## Data for review
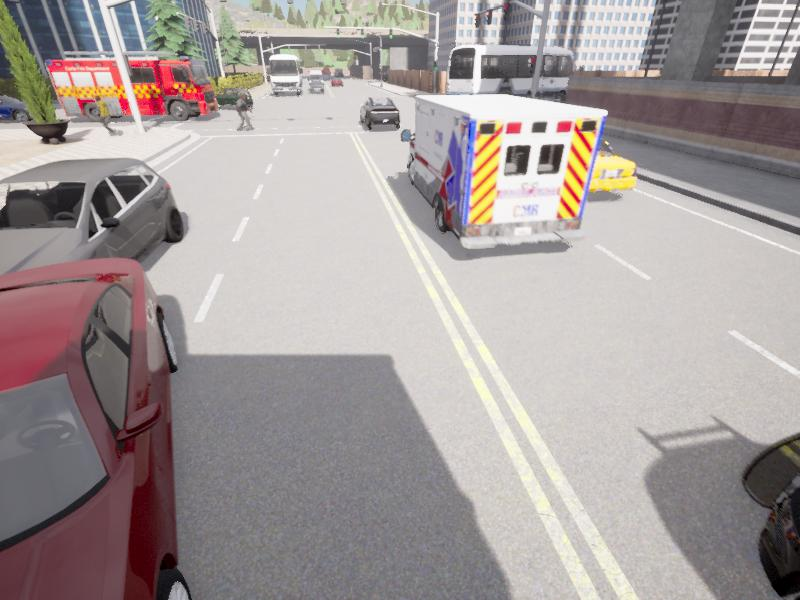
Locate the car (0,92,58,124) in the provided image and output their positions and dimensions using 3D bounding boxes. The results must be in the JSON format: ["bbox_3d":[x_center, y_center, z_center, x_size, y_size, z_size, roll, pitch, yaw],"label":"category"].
[{"bbox_3d":[-24.911,-11.962,24.913,4.856,1.649,2.033,-5,31,-10],"label":"car"}]

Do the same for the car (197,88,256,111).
[{"bbox_3d":[-13.895,-16.163,32.163,3.705,1.549,1.789,3,30,6],"label":"car"}]

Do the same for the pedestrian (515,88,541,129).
[{"bbox_3d":[6.723,-10.092,21.084,0.751,1.860,0.751,-21,36,-31],"label":"pedestrian"}]

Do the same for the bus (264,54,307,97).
[{"bbox_3d":[-13.925,-27.979,49.720,3.944,4.253,10.273,-5,31,-9],"label":"bus"}]

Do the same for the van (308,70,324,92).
[{"bbox_3d":[-12.169,-31.899,58.124,1.988,2.561,5.915,-5,31,-9],"label":"van"}]

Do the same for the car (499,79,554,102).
[{"bbox_3d":[12.677,-21.115,40.275,4.605,1.855,1.932,-4,31,-7],"label":"car"}]

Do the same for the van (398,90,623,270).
[{"bbox_3d":[1.658,-3.266,9.194,2.351,2.431,6.366,-5,31,-9],"label":"van"}]

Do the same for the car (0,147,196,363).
[{"bbox_3d":[-5.233,-1.105,6.272,2.242,1.667,4.611,-5,30,-8],"label":"car"}]

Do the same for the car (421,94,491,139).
[{"bbox_3d":[2.762,-9.767,21.075,2.242,1.667,4.611,-5,31,-9],"label":"car"}]

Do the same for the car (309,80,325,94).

## The problem
Print the material above once more, exactly, minus the pictures.

## Task result
Locate the car (0,92,58,124) in the provided image and output their positions and dimensions using 3D bounding boxes. The results must be in the JSON format: ["bbox_3d":[x_center, y_center, z_center, x_size, y_size, z_size, roll, pitch, yaw],"label":"category"].
[{"bbox_3d":[-24.911,-11.962,24.913,4.856,1.649,2.033,-5,31,-10],"label":"car"}]

Do the same for the car (197,88,256,111).
[{"bbox_3d":[-13.895,-16.163,32.163,3.705,1.549,1.789,3,30,6],"label":"car"}]

Do the same for the pedestrian (515,88,541,129).
[{"bbox_3d":[6.723,-10.092,21.084,0.751,1.860,0.751,-21,36,-31],"label":"pedestrian"}]

Do the same for the bus (264,54,307,97).
[{"bbox_3d":[-13.925,-27.979,49.720,3.944,4.253,10.273,-5,31,-9],"label":"bus"}]

Do the same for the van (308,70,324,92).
[{"bbox_3d":[-12.169,-31.899,58.124,1.988,2.561,5.915,-5,31,-9],"label":"van"}]

Do the same for the car (499,79,554,102).
[{"bbox_3d":[12.677,-21.115,40.275,4.605,1.855,1.932,-4,31,-7],"label":"car"}]

Do the same for the van (398,90,623,270).
[{"bbox_3d":[1.658,-3.266,9.194,2.351,2.431,6.366,-5,31,-9],"label":"van"}]

Do the same for the car (0,147,196,363).
[{"bbox_3d":[-5.233,-1.105,6.272,2.242,1.667,4.611,-5,30,-8],"label":"car"}]

Do the same for the car (421,94,491,139).
[{"bbox_3d":[2.762,-9.767,21.075,2.242,1.667,4.611,-5,31,-9],"label":"car"}]

Do the same for the car (309,80,325,94).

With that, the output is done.